Each merchant will establish a Re-score Threshold and in doing so, they will inform the system to update records accordingly when this threshold has been surpassed. Typically, the re-score threshold will be the same or greater than any auto decline threshold based upon the score. If there is no auto decline based upon score, the merchant may still establish a re-score threshold.
Orders Already Processed
As orders are re-scored, the case history of the order is updated with a refreshed score if appropriate. Orders which have already been processed and approved may appear in the Suspect Orders queue with a new status of C for Change.
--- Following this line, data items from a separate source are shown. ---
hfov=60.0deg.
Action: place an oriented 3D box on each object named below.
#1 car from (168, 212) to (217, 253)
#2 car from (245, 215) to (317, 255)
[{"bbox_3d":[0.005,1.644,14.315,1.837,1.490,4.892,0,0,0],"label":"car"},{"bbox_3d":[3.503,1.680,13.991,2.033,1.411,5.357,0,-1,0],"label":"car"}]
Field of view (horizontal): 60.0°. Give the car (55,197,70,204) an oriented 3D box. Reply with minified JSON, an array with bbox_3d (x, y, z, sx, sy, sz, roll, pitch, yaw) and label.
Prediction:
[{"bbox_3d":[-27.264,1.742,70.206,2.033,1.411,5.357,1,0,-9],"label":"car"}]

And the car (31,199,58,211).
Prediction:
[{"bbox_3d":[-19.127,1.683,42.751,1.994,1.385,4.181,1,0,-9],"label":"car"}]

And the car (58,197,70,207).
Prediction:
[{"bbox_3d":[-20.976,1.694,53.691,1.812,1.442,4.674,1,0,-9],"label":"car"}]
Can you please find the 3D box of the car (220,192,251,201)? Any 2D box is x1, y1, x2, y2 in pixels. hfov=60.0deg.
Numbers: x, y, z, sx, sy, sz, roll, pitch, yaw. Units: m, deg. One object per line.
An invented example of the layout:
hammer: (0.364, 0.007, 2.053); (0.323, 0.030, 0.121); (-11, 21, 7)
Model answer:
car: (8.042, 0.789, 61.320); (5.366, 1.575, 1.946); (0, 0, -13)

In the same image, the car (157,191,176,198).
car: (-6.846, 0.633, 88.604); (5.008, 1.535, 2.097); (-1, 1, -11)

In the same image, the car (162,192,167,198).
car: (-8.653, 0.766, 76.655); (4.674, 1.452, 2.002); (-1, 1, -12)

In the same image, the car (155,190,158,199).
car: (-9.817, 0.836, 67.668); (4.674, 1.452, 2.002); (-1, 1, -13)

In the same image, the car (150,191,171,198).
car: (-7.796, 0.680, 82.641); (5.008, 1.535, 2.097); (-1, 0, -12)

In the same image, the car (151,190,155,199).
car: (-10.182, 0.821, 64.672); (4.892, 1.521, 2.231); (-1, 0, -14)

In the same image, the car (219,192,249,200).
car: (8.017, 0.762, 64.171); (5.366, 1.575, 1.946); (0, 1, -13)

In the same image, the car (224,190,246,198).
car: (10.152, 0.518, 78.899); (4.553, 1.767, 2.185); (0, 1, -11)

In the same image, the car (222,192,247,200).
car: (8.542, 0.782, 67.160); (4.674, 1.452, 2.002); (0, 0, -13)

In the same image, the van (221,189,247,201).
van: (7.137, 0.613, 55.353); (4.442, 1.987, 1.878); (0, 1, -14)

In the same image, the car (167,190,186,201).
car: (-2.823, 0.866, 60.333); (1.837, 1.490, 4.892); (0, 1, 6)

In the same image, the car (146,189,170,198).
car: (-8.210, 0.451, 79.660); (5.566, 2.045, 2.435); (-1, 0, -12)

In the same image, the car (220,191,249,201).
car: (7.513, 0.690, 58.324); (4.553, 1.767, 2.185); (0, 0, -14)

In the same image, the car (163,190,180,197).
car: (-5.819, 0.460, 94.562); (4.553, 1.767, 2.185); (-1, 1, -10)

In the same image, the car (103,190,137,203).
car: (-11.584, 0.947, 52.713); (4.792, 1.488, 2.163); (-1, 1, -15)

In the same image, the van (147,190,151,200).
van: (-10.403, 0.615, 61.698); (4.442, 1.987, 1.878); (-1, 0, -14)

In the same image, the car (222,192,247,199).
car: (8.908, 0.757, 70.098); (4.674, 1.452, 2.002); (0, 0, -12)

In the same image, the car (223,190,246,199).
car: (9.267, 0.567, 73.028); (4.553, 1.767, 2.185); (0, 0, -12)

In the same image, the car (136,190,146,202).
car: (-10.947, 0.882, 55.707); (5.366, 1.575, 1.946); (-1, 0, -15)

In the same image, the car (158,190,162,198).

The score on the Suspect Orders queue will also be highlighted as a visual cue of the re-score.
Items appearing in the Workflow with this designation will indicate that the order was previously approved (either automatically based upon rules) and now the merchant can re-examine the order to determine if they wish to take any action, such as processing an immediate refund to avoid a chargeback, delay or reroute a shipment or manage any details of the order as it relates to VIP List controls.
Previously Processed Orders
For orders which have not been processed from the Workflow queue can also be re-scored and it will be critical that any personnel reviewing orders are examining the current score along with any other attributes when rendering a decision.
Risk Evaluation Field Definitions
GEOX: The country with the highest level of e-commerce risk associated with this persona in the last 14 days.
NETW: The riskiest network type associated with this persona in the last 14 days. (Normal, Proxy, Satellite, Anonymous, Library, Prison, High School).
VELO: The quantity of unique orders seen from this persona in the last 14 days.
VMAX: The quantity of unique orders seen from this persona in the most recent 6 hour period.
SCOR: The result of the evaluation of the order which will range from 1 – 99 with 99 being considered very high risk.